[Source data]

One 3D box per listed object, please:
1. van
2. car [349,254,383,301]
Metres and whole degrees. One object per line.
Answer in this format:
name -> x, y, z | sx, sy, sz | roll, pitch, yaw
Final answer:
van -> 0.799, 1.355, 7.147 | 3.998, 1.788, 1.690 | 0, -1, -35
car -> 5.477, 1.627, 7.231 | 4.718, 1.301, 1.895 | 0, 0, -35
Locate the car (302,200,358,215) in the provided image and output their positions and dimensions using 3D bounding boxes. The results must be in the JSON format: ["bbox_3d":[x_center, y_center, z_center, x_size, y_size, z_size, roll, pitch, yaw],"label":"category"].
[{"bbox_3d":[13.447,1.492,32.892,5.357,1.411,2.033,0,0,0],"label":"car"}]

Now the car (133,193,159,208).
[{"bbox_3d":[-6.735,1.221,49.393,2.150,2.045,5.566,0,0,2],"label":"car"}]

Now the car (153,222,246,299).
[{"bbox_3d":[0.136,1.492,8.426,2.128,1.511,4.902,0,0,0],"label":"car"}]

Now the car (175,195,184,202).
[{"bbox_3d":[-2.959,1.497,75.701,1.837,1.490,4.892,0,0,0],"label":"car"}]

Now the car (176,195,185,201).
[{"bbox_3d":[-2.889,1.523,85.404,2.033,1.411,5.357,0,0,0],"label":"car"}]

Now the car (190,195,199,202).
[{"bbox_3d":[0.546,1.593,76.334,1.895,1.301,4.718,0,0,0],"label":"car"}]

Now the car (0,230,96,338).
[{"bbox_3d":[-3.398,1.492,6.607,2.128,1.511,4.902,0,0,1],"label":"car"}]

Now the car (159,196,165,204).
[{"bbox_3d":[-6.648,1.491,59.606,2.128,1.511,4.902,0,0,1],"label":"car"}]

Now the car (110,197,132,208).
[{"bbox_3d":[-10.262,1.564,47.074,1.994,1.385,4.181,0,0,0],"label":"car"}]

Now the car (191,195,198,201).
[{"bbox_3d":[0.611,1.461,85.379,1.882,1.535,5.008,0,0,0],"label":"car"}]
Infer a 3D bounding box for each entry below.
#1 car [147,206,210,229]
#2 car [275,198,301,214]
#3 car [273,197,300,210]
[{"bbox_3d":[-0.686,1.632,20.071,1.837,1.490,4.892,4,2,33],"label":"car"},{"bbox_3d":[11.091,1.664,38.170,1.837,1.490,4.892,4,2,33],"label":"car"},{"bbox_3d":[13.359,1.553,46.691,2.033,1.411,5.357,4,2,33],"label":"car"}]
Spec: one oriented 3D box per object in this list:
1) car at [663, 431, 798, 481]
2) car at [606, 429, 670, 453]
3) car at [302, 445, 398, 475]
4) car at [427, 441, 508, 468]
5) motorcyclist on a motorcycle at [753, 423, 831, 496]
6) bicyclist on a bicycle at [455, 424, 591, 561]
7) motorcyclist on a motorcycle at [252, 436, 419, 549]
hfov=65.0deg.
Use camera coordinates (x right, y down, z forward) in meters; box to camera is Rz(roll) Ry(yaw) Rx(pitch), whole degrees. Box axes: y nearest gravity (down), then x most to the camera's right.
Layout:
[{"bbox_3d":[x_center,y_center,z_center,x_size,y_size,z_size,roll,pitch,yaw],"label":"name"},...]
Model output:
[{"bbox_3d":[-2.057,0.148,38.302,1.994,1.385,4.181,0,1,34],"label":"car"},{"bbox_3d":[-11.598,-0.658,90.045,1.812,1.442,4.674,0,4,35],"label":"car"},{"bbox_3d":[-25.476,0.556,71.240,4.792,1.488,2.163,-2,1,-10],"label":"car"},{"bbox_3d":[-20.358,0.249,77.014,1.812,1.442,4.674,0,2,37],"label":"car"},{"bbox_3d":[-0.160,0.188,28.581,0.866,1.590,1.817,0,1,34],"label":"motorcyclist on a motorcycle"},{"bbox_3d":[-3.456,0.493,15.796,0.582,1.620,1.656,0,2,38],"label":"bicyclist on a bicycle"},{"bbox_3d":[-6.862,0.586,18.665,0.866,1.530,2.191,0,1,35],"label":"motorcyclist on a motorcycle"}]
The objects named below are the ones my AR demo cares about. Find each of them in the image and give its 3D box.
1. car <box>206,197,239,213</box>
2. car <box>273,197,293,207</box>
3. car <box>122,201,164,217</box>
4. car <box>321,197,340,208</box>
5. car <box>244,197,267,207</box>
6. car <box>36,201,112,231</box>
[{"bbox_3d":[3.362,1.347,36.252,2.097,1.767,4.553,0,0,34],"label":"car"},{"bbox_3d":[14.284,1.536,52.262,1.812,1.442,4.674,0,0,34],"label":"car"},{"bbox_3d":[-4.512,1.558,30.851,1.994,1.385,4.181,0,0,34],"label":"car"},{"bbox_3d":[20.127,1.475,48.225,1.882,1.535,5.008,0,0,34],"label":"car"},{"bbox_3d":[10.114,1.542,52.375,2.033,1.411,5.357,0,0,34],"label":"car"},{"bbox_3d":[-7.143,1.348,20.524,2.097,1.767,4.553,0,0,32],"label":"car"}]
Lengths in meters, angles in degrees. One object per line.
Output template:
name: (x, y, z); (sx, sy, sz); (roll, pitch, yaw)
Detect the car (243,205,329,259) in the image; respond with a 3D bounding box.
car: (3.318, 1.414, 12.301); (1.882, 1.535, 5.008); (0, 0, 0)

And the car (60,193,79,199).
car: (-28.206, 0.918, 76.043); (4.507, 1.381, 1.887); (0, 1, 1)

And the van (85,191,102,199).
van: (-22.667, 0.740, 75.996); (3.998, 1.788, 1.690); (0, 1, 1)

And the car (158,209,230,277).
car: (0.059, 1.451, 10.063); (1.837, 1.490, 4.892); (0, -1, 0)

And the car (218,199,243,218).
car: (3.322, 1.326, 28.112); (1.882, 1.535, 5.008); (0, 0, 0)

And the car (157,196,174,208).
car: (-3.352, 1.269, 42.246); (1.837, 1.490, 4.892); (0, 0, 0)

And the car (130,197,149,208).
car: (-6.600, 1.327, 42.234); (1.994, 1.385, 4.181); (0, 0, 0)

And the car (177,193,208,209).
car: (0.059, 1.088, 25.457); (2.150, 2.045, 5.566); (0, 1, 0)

[Exercise goal] Please output the exact lines of the records above, beginning with the first and stopping after the line that holds "name -> x, y, z", and nothing else.

[Answer box]
One 3D box per listed object, please:
1. van
2. car [349,254,383,301]
Metres and whole degrees. One object per line.
Answer in this format:
name -> x, y, z | sx, sy, sz | roll, pitch, yaw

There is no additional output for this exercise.